During cruise, the spacecraft team will also deploy the magnetometer boom and radar antennas, test instruments and subsystems, and make sure the spacecraft is ready to study the Jupiter system.
Arrival
For all liftoff dates within the launch period, the spacecraft is scheduled to begin orbiting Jupiter on April 11, 2030. The arrival phase begins in January — three months before the engine burn that inserts the spacecraft into Jupiter orbit — and concludes a few hours after the maneuver.
Toward the end of the arrival phase, the spacecraft will perform a close flyby of the large Jovian moon Ganymede. The Ganymede flyby, which takes place about 12 hours before Jupiter orbit insertion, brings the spacecraft to within about 120 miles (200 kilometers) of Ganymede’s surface.
While the spacecraft will use Mars’ and Earth’s gravity to speed up on the way to Jupiter, the spacecraft will use Ganymede’s gravity to slow down. Ganymede’s gravity will pull the passing spacecraft back toward the moon, decreasing its velocity.
With the assist from Ganymede, the spacecraft can decrease the amount of time it needs to burn its engines to slow down enough to be captured by Jupiter’s gravity. (The burn in this case will be about six hours.) After this burn, Europa Clipper will start its first orbit around the solar system’s largest planet.
Jupiter Tour
Europa Clipper’s tour of the Jupiter system begins April 11, 2030. The trajectory is designed to allow the spacecraft to observe as much of the moon Europa as possible while keeping the spacecraft as safe as possible from the hazardous radiation environment near the moon.
Capable of quickly damaging electronics, Jupiter’s radiation environment is the most intense of any planet in the solar system. Europa resides in one of the most powerful zones of radiation around Jupiter.
Previous Jupiter missions have spent less time in the hazardous radiation zones. NASA’s Galileo mission only flew a handful of times by Europa and Io, the moons in the most hazardous zones around Jupiter, during its primary mission from 1995 to 1997. Then, during its extended mission, which ended in 2003, Galileo did take on additional risk later in its tour of Jupiter by flying by Europa and Io several more times.

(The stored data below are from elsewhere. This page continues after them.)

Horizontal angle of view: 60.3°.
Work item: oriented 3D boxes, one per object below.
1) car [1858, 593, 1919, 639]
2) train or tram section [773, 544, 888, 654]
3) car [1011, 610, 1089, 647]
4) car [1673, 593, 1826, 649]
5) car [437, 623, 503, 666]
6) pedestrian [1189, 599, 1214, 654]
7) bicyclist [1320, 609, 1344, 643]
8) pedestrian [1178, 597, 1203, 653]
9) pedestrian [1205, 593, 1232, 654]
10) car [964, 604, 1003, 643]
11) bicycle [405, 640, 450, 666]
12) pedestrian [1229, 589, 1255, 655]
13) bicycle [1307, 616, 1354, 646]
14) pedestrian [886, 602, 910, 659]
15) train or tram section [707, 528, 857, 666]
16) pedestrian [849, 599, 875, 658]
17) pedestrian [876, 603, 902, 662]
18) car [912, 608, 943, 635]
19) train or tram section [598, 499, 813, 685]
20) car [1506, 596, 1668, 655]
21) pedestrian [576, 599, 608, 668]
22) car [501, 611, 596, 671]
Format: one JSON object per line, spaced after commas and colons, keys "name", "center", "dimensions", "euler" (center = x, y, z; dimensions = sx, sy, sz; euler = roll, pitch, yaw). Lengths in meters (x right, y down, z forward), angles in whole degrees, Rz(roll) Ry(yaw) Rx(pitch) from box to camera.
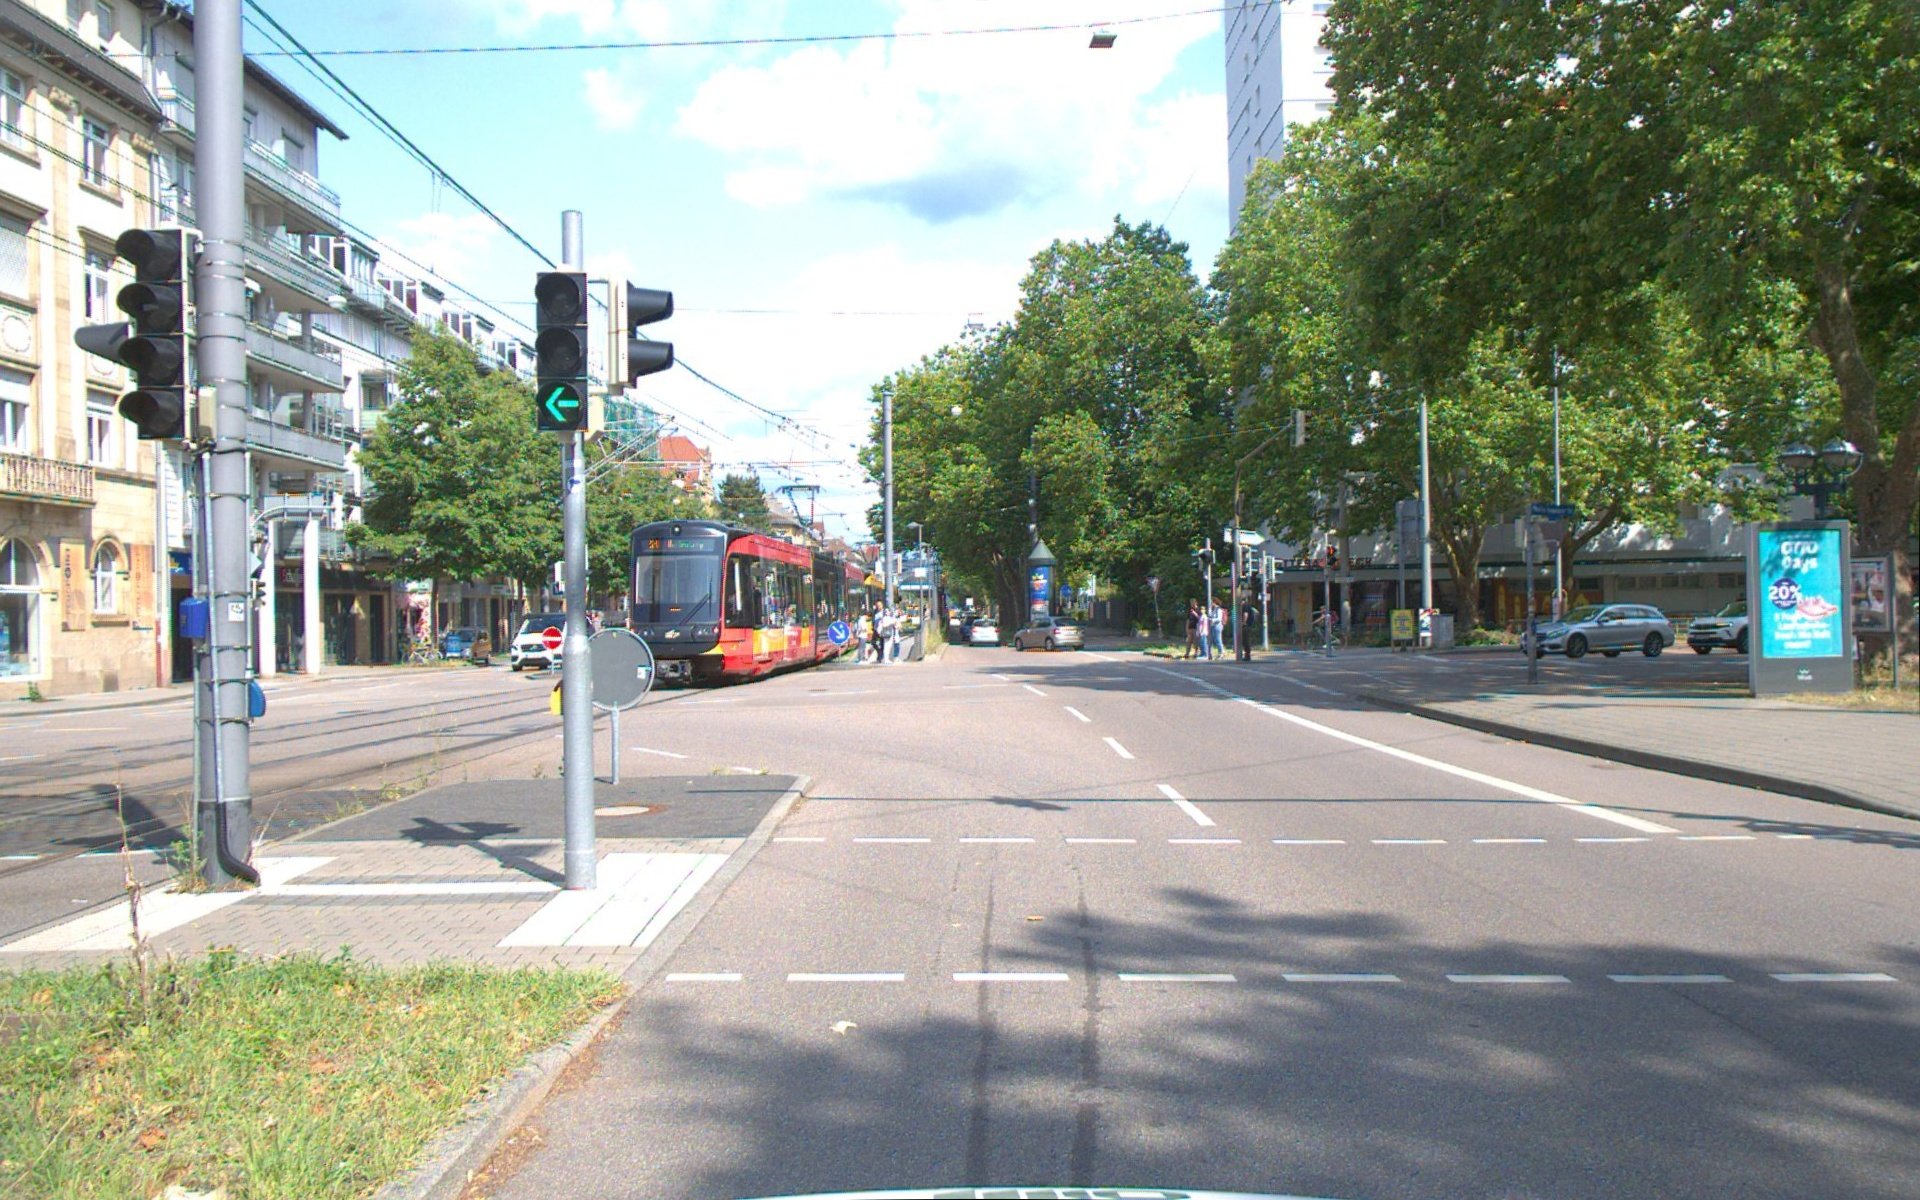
{"name": "car", "center": [33.714, 0.516, 57.764], "dimensions": [3.765, 1.516, 1.858], "euler": [-2, 0, -8]}
{"name": "train or tram section", "center": [-4.623, -0.007, 61.527], "dimensions": [2.747, 3.623, 12.160], "euler": [-2, 0, 2]}
{"name": "car", "center": [3.802, 1.212, 70.306], "dimensions": [1.729, 1.478, 3.571], "euler": [-1, 0, -28]}
{"name": "car", "center": [23.219, 0.619, 48.647], "dimensions": [4.005, 1.516, 1.849], "euler": [-1, -1, -22]}
{"name": "car", "center": [-22.123, 2.002, 74.764], "dimensions": [1.809, 1.821, 3.999], "euler": [1, 0, -1]}
{"name": "pedestrian", "center": [7.296, 0.795, 50.053], "dimensions": [0.503, 1.625, 0.553], "euler": [-1, -1, -21]}
{"name": "bicyclist", "center": [14.004, 0.981, 62.234], "dimensions": [0.796, 1.273, 0.482], "euler": [1, -1, 27]}
{"name": "pedestrian", "center": [7.046, 0.756, 50.588], "dimensions": [0.503, 1.700, 0.553], "euler": [-1, -1, -21]}
{"name": "pedestrian", "center": [7.600, 0.687, 48.627], "dimensions": [0.520, 1.766, 0.553], "euler": [-1, -1, -21]}
{"name": "car", "center": [1.252, 1.267, 89.426], "dimensions": [1.953, 2.049, 3.999], "euler": [0, 0, -1]}
{"name": "bicycle", "center": [-21.653, 2.149, 67.281], "dimensions": [1.655, 1.003, 0.497], "euler": [-2, -1, -3]}
{"name": "pedestrian", "center": [7.966, 0.628, 46.739], "dimensions": [0.473, 1.857, 0.553], "euler": [-2, -1, 42]}
{"name": "bicycle", "center": [13.944, 1.165, 62.271], "dimensions": [1.644, 1.107, 0.482], "euler": [1, -1, 28]}
{"name": "pedestrian", "center": [-1.910, 0.951, 51.077], "dimensions": [0.655, 1.732, 0.648], "euler": [-1, -1, 2]}
{"name": "train or tram section", "center": [-5.117, -0.059, 49.893], "dimensions": [2.747, 3.623, 11.185], "euler": [-2, 0, 2]}
{"name": "pedestrian", "center": [-2.915, 0.842, 49.057], "dimensions": [0.655, 1.732, 0.648], "euler": [-1, -1, 2]}
{"name": "pedestrian", "center": [-2.100, 0.950, 48.984], "dimensions": [0.655, 1.732, 0.648], "euler": [-1, -1, 2]}
{"name": "car", "center": [-2.234, 1.464, 114.627], "dimensions": [1.777, 1.836, 4.001], "euler": [-2, 0, 3]}
{"name": "train or tram section", "center": [-5.575, -0.147, 38.657], "dimensions": [2.738, 3.623, 11.380], "euler": [-2, 0, 2]}
{"name": "car", "center": [17.434, 0.698, 46.036], "dimensions": [3.924, 1.516, 1.852], "euler": [-1, -1, -17]}
{"name": "pedestrian", "center": [-11.103, 1.002, 49.893], "dimensions": [0.722, 2.049, 0.704], "euler": [-1, -1, 5]}
{"name": "car", "center": [-14.284, 1.391, 57.678], "dimensions": [1.952, 1.924, 5.172], "euler": [-1, 0, 0]}

The radiation is also on average more dangerous in the plane around the planet’s equator. NASA’s Juno spacecraft, which arrived at Jupiter in 2016, generally orbits over the planet’s poles. Like Europa Clipper, Juno’s trajectory throughout its mission has also been designed to minimize time spent within Jupiter’s most powerful radiation belts.
Europa Clipper’s mission at Jupiter involves 49 flybys of Europa dedicated to scientific investigation, plus seven additional flybys of Ganymede and nine flybys of Callisto to help shape the spacecraft’s trajectory.

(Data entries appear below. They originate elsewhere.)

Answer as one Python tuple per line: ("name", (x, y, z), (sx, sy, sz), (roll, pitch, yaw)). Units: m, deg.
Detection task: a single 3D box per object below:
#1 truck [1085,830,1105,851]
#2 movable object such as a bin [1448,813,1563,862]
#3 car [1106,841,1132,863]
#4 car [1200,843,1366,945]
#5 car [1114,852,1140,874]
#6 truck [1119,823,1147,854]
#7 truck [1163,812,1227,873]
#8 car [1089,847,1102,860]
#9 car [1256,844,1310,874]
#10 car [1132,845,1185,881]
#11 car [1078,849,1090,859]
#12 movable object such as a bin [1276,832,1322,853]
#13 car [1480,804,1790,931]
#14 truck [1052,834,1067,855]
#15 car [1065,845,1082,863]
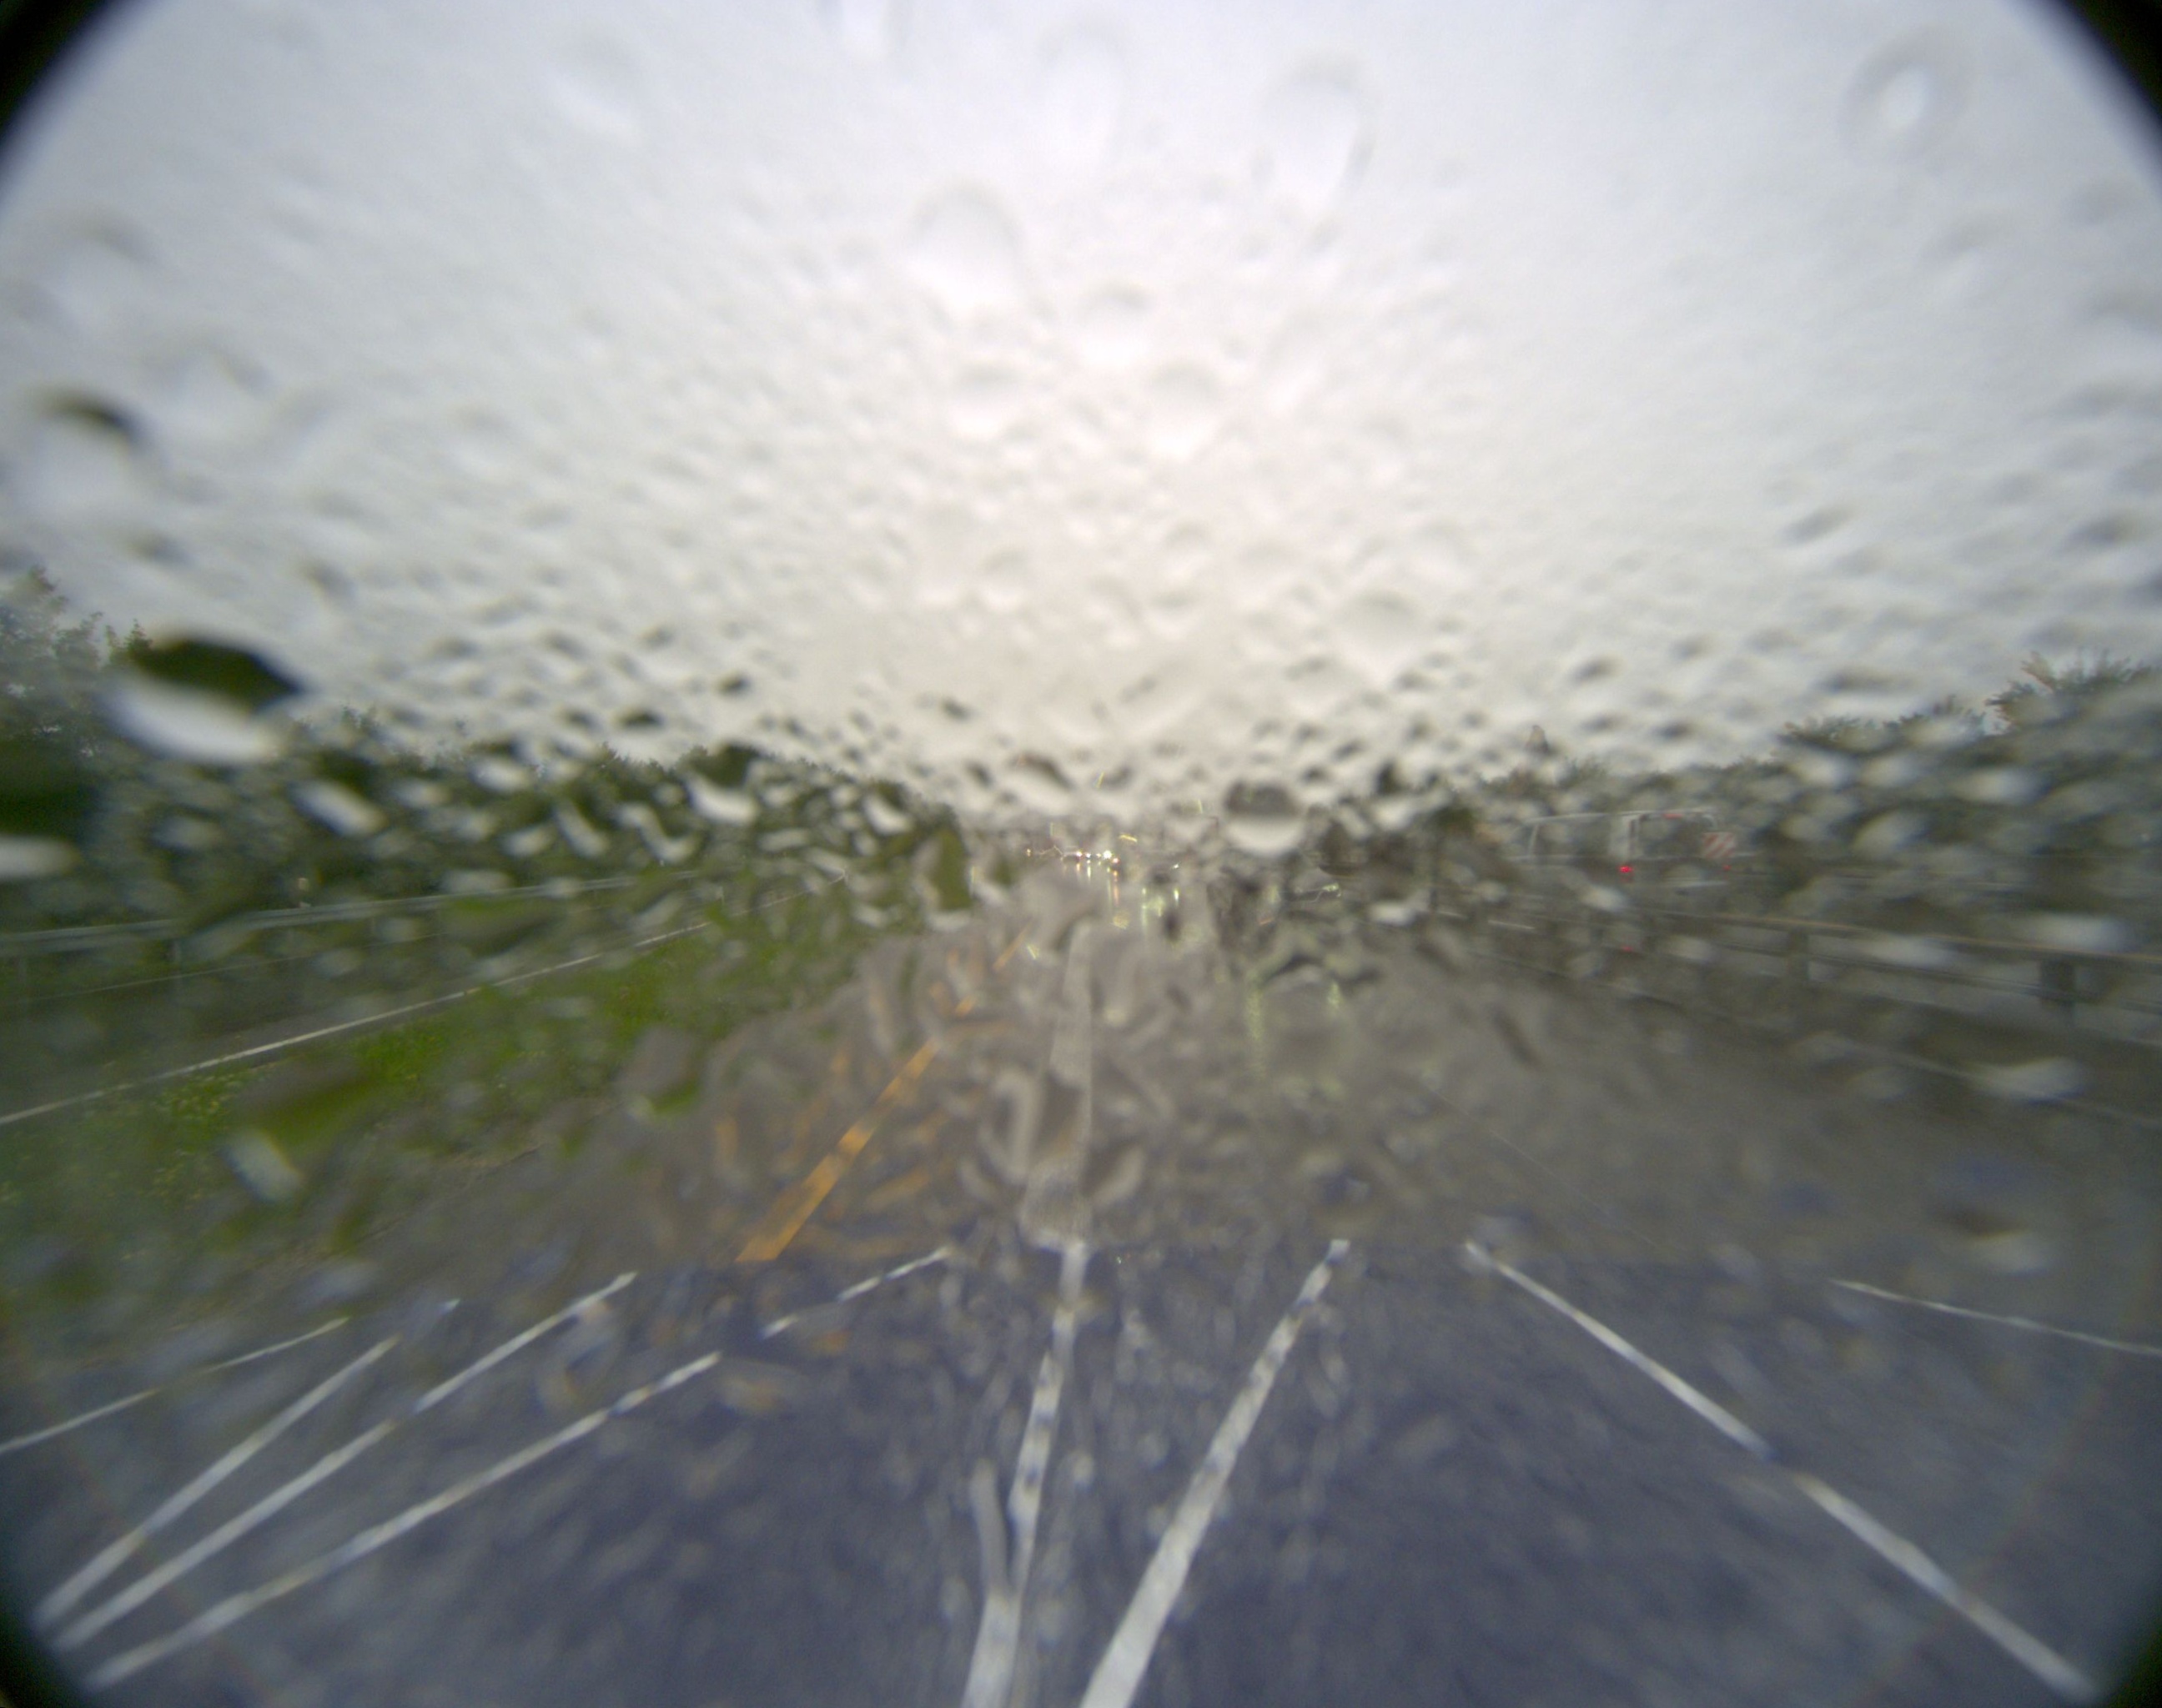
("truck", (3.320, -3.214, 186.041), (3.593, 4.809, 15.978), (-2, 1, -3))
("movable object such as a bin", (26.726, -1.019, 48.262), (3.774, 2.782, 6.329), (-2, 1, 2))
("car", (3.726, -0.194, 75.499), (2.211, 2.002, 5.563), (-2, 1, 0))
("car", (3.587, 0.613, 14.392), (1.998, 1.576, 4.413), (-2, 1, 1))
("car", (3.618, 0.706, 59.573), (1.977, 1.586, 4.311), (-1, -1, 4))
("truck", (8.475, -2.510, 126.033), (3.283, 4.809, 15.982), (-2, 1, -1))
("truck", (10.129, -1.045, 69.849), (3.283, 4.809, 15.982), (-2, 1, 0))
("car", (2.083, -0.137, 108.667), (1.695, 1.740, 3.999), (-2, 1, 1))
("car", (10.535, 0.230, 39.881), (1.705, 1.420, 3.832), (-2, 1, -1))
("car", (3.523, 0.385, 35.404), (1.998, 1.489, 4.630), (-2, 1, 1))
("car", (0.519, 0.061, 130.181), (1.845, 1.586, 3.999), (-2, 1, 1))
("movable object such as a bin", (25.655, -1.330, 89.659), (3.448, 2.281, 5.098), (-2, 1, -5))
("car", (9.435, 0.166, 13.636), (1.896, 1.796, 5.054), (-2, 1, 1))
("truck", (-4.177, -1.884, 150.992), (2.484, 4.061, 8.703), (-2, 1, 1))
("car", (-0.882, -0.025, 92.073), (1.881, 2.002, 3.999), (-2, 1, 1))

For more on what kinds of science data Europa Clipper will be gathering during its tour of the Jupiter system, see the Science section.
End of Mission
Because it is scientifically important to ensure that the Europa Clipper spacecraft does not come in contact with Europa’s surface and contaminate the moon with significant numbers of Earth microbes, NASA’s current plan to dispose of the spacecraft after its science mission ends is by impacting with Ganymede. Planetary contamination is not an issue with Ganymede because Ganymede’s surface is likely not active today and its ice shell is substantially thicker than Europa’s, minimizing contact between the spacecraft and any possible ocean underneath. The current plan for disposal begins 30 days after the last science-dedicated flyby of Europa. Mission designers have planned for several additional flybys of Europa to shape the spacecraft’s trajectory toward a final impact with Ganymede, which is currently expected in September 2034.